[Exercise brief] An exact transcription of the listing, without its images, is what the answer must contain.

[Provided material]

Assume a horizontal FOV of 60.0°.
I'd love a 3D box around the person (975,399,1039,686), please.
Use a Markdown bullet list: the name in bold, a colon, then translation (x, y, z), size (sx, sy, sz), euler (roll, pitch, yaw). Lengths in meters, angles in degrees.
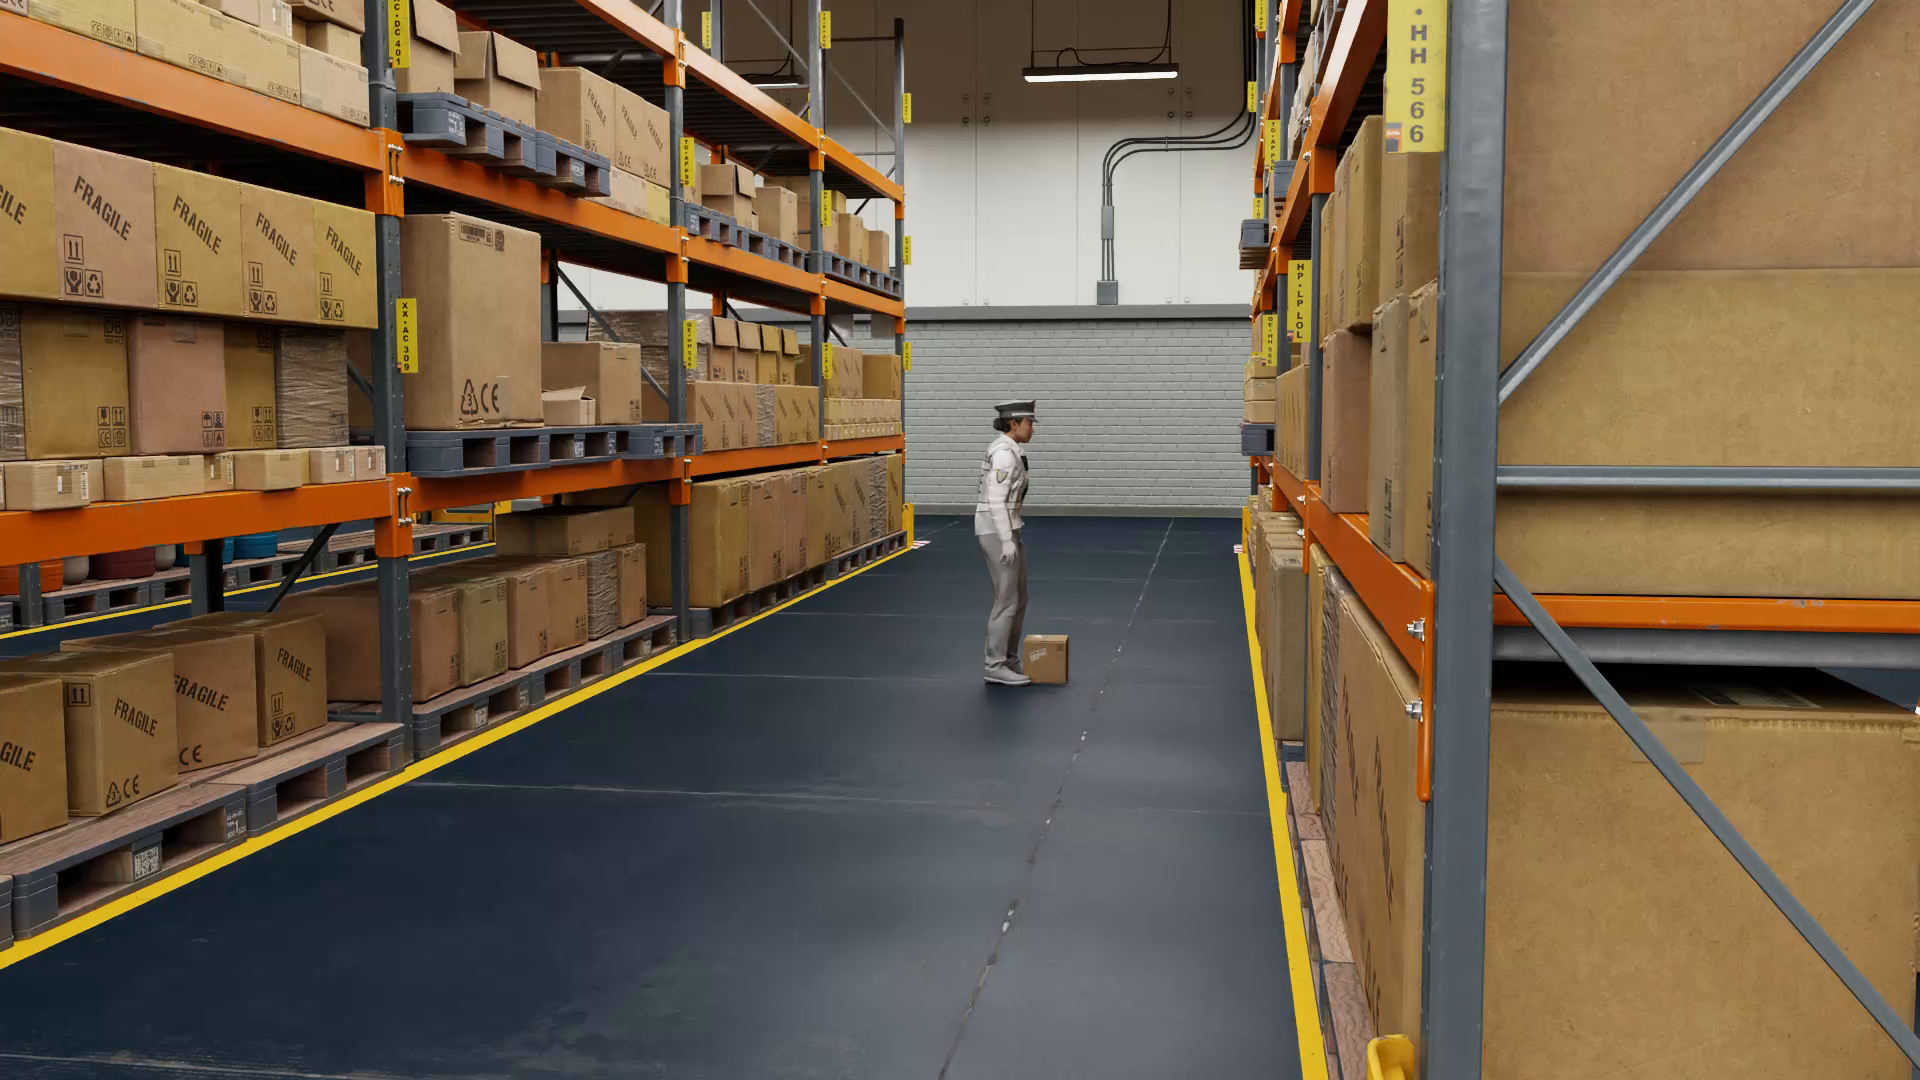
- **person**: translation (0.292, 0.001, 9.866), size (0.403, 1.664, 0.528), euler (1, 5, 9)

[Result for this exercise]
Assume a horizontal FOV of 60.0°.
I'd love a 3D box around the person (975,399,1039,686), please.
Use a Markdown bullet list: the name in bold, a colon, then translation (x, y, z), size (sx, sy, sz), euler (roll, pitch, yaw). Lengths in meters, angles in degrees.
- **person**: translation (0.292, 0.001, 9.866), size (0.403, 1.664, 0.528), euler (1, 5, 9)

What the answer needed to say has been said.